If it's a rental you're also creating a situation where your tenants may be either tacking new wires along the baseboards, or breaking your drywall to install new jacks... so if it's a rental, and they're connected, why not simply leave them?


----------



## bubbler (Oct 18, 2010)

DanDaMan said:


> These switches do have wires in them - I have not tested to see if they are live. Either way, can I also cover these with drywall, and if so do I need to first ensure the wire is dead. If so, why? It is not against code to cover a live box with a typical plastic wall cover - why not with drywall?


Your question, cover w/ plastic cover vs. drywall, what's the difference?

The difference is accessibility. A junction box covered by a plastic cover is considered identifiable and accessible. A junction box (or worse, a splice hanging in the wall) covered by drywall is not identifiable or accessible.

You should never bury a live wire, period.

If you're 100% certain a wire is dead, you should still tape up each conductor individually before burying just in case it is ever re-energized by accident....... leaving wire in the wall probably violates some code, but I'm not an electrician... I just practice common sense when dealing with these things.

BTW, you should absolutely have an AC detector pen... it might save your life.


----------



## AllanJ (Nov 24, 2007)

It would be a good idea to disconnect and decommission all of the lamp cord wiring in the walls right now.

Turn off the breaker(s) for those circuits. Undo the twisties (wire nuts) and separate all of the individual wires.

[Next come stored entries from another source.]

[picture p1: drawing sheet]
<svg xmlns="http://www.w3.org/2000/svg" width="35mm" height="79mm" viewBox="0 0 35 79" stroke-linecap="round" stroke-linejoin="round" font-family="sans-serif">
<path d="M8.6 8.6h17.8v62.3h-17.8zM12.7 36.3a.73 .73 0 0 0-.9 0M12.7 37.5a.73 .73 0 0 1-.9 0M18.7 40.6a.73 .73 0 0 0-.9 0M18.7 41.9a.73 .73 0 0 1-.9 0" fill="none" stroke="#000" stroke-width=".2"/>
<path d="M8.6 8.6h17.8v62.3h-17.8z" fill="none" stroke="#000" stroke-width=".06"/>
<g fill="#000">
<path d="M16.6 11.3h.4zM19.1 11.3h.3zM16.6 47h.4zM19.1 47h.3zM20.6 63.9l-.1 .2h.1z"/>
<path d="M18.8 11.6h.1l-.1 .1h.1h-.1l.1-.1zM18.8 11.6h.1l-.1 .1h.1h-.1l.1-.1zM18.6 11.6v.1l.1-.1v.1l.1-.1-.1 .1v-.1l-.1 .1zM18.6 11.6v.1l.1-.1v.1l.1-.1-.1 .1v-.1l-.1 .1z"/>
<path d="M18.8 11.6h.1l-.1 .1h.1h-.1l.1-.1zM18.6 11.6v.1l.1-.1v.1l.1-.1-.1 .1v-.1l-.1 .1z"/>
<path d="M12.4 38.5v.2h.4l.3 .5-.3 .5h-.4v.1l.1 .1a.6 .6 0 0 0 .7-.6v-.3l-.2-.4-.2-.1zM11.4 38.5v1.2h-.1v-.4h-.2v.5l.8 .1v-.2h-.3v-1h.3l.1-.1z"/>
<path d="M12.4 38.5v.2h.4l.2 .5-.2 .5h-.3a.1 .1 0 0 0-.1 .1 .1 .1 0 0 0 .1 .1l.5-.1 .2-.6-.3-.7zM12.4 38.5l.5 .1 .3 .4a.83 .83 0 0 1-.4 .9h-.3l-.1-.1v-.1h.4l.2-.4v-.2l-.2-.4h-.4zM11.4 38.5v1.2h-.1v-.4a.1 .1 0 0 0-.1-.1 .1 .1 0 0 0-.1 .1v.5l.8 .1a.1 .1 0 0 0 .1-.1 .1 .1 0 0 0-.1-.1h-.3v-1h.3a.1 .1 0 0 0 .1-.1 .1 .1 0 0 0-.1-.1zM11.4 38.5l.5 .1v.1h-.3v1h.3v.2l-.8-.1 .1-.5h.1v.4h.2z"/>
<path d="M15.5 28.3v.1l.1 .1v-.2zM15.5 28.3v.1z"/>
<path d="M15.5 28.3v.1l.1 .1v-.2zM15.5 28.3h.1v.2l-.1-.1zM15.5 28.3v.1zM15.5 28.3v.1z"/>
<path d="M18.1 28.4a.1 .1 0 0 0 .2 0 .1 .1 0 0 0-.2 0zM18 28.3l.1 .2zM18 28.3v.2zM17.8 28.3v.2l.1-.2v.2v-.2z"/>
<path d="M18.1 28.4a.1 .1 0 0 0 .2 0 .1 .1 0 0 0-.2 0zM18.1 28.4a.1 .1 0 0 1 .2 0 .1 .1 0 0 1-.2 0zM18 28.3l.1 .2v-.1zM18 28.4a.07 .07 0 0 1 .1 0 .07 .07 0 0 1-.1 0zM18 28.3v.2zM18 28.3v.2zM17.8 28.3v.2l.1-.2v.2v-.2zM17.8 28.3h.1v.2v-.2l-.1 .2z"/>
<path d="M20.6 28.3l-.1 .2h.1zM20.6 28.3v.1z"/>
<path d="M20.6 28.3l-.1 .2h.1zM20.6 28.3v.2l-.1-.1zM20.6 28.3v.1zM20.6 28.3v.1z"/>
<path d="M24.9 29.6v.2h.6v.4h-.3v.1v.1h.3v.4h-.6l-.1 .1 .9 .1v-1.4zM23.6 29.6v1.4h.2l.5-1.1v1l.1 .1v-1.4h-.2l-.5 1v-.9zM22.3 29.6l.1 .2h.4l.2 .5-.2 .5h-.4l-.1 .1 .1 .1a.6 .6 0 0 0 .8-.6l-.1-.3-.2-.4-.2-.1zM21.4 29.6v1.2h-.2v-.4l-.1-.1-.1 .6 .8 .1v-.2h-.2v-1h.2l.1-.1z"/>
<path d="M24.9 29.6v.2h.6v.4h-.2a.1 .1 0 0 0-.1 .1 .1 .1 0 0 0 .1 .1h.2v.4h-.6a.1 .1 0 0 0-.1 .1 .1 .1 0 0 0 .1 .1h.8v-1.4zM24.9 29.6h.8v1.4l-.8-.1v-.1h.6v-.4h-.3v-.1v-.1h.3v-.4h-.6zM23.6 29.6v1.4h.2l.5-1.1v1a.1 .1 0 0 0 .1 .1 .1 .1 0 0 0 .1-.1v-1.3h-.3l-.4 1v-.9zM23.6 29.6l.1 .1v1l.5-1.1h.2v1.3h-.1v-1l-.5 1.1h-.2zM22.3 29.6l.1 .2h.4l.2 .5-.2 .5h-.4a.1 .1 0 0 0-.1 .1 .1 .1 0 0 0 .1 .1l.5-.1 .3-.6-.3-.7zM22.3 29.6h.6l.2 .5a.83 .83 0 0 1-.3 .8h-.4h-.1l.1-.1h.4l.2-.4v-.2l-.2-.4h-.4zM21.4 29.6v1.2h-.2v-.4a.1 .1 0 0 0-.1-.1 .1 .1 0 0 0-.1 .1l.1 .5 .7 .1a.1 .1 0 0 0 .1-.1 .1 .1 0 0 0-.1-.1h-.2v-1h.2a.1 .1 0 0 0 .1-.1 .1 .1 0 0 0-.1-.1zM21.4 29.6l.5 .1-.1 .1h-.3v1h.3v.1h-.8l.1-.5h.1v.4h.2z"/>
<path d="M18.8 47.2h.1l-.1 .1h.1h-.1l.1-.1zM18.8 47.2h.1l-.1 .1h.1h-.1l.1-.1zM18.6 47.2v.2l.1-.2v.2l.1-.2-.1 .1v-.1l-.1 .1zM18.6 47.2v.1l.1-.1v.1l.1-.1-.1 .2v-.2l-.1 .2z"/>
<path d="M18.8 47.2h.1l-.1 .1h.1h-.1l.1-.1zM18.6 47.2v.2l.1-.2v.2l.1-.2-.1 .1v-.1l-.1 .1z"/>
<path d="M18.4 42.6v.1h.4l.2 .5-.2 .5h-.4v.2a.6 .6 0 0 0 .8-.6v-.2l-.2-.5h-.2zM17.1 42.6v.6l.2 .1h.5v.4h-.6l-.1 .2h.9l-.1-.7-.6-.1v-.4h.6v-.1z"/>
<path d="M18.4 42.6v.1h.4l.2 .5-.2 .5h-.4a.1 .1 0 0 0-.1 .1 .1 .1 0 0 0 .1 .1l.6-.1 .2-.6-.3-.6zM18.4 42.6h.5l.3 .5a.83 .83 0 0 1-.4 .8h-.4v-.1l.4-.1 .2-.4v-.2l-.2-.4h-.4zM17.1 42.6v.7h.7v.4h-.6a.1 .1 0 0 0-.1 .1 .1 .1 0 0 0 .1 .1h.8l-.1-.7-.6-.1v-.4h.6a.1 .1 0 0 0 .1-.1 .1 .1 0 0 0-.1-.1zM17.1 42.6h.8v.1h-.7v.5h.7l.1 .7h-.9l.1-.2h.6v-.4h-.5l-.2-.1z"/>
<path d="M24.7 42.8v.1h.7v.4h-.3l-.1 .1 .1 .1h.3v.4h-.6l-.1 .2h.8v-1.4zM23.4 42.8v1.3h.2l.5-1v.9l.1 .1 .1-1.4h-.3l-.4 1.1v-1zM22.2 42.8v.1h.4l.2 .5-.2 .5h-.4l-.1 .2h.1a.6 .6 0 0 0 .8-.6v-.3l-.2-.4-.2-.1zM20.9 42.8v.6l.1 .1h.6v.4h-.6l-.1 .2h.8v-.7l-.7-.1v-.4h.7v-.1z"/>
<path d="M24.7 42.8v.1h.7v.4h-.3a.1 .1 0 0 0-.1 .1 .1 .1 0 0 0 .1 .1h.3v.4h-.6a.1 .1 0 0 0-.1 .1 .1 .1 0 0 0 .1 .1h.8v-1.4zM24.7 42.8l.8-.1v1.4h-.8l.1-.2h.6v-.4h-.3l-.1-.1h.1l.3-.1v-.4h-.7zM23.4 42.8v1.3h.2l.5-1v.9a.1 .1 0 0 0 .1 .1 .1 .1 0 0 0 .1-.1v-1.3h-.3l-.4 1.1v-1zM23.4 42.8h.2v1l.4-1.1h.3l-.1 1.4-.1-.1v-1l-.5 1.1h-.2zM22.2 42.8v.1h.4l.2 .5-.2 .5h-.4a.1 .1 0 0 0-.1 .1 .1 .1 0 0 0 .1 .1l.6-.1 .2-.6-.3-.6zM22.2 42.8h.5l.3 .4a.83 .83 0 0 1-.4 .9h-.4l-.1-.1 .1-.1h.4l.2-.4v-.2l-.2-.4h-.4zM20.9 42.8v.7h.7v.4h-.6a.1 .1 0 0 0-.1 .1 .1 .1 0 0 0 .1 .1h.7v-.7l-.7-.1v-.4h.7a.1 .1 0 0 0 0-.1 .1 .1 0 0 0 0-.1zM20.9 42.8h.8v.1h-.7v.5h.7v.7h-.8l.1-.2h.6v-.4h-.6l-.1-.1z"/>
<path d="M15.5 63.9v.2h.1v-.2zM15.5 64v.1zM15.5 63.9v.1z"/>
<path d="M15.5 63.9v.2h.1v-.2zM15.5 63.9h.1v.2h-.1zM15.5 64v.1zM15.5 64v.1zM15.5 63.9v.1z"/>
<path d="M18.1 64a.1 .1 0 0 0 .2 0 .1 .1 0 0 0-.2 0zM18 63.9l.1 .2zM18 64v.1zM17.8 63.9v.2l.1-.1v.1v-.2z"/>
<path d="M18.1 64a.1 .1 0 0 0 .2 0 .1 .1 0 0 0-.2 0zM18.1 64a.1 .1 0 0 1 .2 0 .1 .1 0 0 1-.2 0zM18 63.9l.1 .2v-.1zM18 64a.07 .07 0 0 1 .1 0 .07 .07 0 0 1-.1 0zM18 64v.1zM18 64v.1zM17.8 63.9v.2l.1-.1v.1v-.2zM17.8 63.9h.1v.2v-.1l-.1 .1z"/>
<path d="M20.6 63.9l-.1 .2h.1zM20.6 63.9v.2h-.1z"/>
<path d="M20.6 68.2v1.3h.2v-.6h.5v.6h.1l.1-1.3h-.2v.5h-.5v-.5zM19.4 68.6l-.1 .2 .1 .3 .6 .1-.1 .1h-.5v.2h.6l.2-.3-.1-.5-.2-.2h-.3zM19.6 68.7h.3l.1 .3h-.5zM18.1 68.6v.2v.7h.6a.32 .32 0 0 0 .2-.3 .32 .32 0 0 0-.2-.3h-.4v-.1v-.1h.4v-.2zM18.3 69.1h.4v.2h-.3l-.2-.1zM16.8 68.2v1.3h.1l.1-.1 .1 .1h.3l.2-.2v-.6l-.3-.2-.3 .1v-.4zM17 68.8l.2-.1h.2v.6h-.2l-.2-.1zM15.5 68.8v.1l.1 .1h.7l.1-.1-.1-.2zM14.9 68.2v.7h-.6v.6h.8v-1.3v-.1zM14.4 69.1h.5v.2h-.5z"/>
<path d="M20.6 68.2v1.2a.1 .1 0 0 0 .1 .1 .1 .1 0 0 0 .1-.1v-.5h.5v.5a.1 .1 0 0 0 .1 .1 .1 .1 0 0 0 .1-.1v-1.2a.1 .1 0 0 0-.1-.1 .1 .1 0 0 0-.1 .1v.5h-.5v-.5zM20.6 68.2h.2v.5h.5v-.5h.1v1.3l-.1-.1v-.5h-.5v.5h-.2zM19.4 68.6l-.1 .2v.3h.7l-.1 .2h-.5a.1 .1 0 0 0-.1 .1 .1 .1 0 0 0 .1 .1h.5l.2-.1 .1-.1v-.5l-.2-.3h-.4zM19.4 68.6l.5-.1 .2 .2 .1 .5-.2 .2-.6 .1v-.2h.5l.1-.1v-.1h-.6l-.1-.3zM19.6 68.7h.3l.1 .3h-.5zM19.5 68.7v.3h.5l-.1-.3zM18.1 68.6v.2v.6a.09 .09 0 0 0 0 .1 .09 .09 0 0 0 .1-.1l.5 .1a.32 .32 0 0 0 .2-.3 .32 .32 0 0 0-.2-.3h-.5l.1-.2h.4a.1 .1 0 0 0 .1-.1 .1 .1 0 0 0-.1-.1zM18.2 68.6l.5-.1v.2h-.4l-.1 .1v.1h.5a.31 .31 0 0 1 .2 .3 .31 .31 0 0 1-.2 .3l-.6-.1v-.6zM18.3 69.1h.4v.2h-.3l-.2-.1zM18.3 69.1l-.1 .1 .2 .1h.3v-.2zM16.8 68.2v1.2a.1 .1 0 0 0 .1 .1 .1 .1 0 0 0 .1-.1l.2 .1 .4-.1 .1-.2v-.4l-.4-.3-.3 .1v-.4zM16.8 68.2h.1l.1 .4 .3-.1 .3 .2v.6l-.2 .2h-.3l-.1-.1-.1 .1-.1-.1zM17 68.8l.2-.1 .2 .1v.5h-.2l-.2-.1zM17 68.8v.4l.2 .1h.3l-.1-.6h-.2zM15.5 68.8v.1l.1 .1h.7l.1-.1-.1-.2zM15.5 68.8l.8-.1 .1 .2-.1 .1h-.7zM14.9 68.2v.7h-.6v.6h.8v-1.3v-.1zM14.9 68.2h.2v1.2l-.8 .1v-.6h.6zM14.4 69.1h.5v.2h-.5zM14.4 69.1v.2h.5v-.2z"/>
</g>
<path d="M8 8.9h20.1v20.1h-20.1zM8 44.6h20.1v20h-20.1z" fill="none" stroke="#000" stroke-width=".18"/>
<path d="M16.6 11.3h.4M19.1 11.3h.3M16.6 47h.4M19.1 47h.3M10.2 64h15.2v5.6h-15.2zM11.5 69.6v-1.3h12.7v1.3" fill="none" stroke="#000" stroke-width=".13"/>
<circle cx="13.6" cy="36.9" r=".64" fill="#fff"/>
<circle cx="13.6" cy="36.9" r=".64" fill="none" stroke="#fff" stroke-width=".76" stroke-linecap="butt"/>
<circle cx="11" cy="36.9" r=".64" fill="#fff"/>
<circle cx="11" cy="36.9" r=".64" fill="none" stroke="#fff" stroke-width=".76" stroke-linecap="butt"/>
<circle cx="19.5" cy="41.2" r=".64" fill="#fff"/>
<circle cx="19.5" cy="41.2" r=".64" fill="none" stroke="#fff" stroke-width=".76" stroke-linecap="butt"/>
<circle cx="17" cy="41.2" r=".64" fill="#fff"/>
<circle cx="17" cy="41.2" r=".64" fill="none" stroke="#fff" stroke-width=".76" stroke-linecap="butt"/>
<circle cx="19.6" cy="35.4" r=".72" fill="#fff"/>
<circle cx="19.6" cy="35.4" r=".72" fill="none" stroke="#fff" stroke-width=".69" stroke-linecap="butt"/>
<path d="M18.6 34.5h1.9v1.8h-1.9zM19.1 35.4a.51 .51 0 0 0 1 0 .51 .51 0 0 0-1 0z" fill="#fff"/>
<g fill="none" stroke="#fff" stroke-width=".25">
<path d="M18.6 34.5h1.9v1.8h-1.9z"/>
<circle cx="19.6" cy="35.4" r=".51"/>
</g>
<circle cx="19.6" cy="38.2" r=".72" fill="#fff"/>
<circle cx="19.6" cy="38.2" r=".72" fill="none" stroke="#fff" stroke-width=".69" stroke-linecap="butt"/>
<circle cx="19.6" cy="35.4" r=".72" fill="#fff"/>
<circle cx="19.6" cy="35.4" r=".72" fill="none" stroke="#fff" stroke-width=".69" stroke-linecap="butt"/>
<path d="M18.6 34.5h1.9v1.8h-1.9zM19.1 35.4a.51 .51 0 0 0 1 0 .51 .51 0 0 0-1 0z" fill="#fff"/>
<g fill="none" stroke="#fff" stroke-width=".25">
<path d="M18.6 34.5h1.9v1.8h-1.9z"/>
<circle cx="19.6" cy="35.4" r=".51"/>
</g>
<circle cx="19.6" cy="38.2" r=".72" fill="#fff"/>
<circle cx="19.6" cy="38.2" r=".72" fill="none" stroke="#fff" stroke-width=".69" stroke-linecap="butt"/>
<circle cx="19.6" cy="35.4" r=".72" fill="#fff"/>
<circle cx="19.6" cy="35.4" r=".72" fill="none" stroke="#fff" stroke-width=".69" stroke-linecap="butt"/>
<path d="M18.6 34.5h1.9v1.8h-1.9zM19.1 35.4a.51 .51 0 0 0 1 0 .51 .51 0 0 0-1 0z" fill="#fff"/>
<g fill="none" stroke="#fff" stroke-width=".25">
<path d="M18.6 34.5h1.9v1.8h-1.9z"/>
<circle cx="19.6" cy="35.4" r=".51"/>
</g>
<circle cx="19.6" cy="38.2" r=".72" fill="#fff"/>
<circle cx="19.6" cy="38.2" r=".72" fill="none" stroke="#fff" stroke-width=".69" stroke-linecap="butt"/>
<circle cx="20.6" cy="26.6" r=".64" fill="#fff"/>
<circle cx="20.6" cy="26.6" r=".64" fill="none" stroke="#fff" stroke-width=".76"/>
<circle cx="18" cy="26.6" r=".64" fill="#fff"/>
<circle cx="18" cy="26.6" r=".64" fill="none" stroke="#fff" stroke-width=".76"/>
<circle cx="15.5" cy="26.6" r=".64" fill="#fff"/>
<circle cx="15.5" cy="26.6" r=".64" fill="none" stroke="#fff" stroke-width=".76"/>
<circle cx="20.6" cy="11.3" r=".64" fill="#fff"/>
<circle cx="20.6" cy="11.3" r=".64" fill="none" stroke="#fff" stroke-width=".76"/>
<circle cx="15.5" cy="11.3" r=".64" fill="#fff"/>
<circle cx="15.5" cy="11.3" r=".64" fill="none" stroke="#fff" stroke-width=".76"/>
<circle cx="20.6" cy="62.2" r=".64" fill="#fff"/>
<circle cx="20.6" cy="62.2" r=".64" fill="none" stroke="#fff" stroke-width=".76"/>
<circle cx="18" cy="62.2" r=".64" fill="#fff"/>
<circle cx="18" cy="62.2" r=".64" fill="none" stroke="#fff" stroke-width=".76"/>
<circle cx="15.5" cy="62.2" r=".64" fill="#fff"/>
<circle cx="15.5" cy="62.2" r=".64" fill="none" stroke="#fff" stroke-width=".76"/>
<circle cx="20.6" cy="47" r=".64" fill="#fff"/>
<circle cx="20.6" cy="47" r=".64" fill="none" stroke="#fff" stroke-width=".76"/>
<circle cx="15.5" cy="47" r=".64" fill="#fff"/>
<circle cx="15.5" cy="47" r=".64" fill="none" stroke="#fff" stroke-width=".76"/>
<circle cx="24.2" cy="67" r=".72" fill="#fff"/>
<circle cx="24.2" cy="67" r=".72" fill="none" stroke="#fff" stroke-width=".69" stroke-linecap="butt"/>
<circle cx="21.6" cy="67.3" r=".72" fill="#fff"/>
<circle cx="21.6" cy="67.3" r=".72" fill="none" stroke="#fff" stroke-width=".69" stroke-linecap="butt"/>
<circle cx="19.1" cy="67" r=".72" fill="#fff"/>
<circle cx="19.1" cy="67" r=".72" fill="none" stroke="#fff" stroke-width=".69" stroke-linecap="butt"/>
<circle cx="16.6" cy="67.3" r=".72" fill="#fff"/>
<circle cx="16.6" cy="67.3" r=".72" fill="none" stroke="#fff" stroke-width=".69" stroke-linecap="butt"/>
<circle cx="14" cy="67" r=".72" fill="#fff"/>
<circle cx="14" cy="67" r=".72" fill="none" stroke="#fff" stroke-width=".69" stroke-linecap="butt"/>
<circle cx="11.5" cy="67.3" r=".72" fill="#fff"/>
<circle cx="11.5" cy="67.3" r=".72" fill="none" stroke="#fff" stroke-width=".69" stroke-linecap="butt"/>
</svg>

Using an ohmmeter or continuity tester, find both ends of each piece of wire. (A long single conductor #14 or #16 gauge wire that can stretch across the floor to the next room can come in handy.) After you identify both ends of a piece of wire, cut off those ends flush with the back of the respective outlet boxes. When a box has no more wires entering it, you may drywall over that box.


----------



## FixitDragon (Feb 9, 2011)

Sometimes a person may replace a duplex receptacle that was split with one switched and one always on, and forget to remove the tab splitting the receptacles. This maked both parts of the duplex always on, and the switch always on.


----------



## Mr. GIT (Mar 3, 2011)

Well, the zip cord lamp cord wires depending on how your boxes are set up in the room could have been ment for speaker wiring. Your just gonna have to trace stuff out and definitely get a volt alert pen. And if you can figure out how to know for sure your tracing back the right wires to the beginning of the circuit know what or how many circuits you have that you are dealing with. You will be able to completely take out boxes and leave the dead wires in the wall with both ends being completely disconnected and cut. But you must be absolutely certain. You should do ohm test/continuity test to be sure. After doing that you can delete the extra boxes and pull them out of the wall you should always remove un used boxes before patching.


----------



## Mr. GIT (Mar 3, 2011)

Second thing is. Do you own a multimeter? Cuz this is easy to do if you have someone walk you through it. You'll need to test voltage on your lamp wires safely and like I said it may or may not be speaker wiring which would be a dc signal you would select on you meter after trying the ac voltage setting first. What your trying to do in order to get rid of boxes is trace back the circuit to the last point where the power is need and end it there. From that point forward you do what I said in the previous message.


----------



## Mr. GIT (Mar 3, 2011)

Last, you can abandon wires as long as you 100% no you have isolated both ends of the same wire from any termination points. And for safe keeping tape both ends nice and good. If you can take it one step further and write dead on it for future reasons for avoiding confusion. Final point is always remember if you are not experience with electrical fundamentals of how electric shock and arcing or ground faults occur. I suggest after being careful testing make note on note pad of what is what and don't work on it live.


----------



## Mr. GIT (Mar 3, 2011)

Oh one more from Mr. GIT the point if the covers and boxes that house electrical wiring is that they are fire rated to with stand fire and contain it in the box until the insulation burns away hopefully cause a short and trip a breaker and just for basic response time to put out before it gets out of control if caught soon enough. If you were to just cover up a box with mud you would loose that protection. And that's against code anyways. Code is designed to protect People First and Property Second. They go hand in hand.


----------



## DanDaMan (Sep 12, 2010)

Ok, just finished replacing every switch and outlet in the unit, from ugly 90s style to modern Decora black with stainless covers. During the replacement I confirmed that every box had the proper wiring - none of this lamp cord used with the switches or outlets. I also replaced all the fixtures, or removed for paint, and same there too. So I have 4 boxes in the living room with these lamp cords (all connected to nothing - just the wire in the box with a flat plate over them) and then in the den I have one more box with 4 lamp cords coming in. I originaly thought they were all hot, as my pen no-contact tester beeped for all 5 of these boxes. But during the switch replacement I tested all 5 of these boxes and wires with my multimeter and confirmed they DO NOT have any VAC. After 100% confirming no VAC but no-contact tester beeping, I touched the ends and no shock, and even touching them together casued nothing - they are 100% dead but tester thinks they have power. So my questions:

1) why was my no contact tester falsing??? I notice that my no contact tester also beeps for cablevision wire. Is this normal?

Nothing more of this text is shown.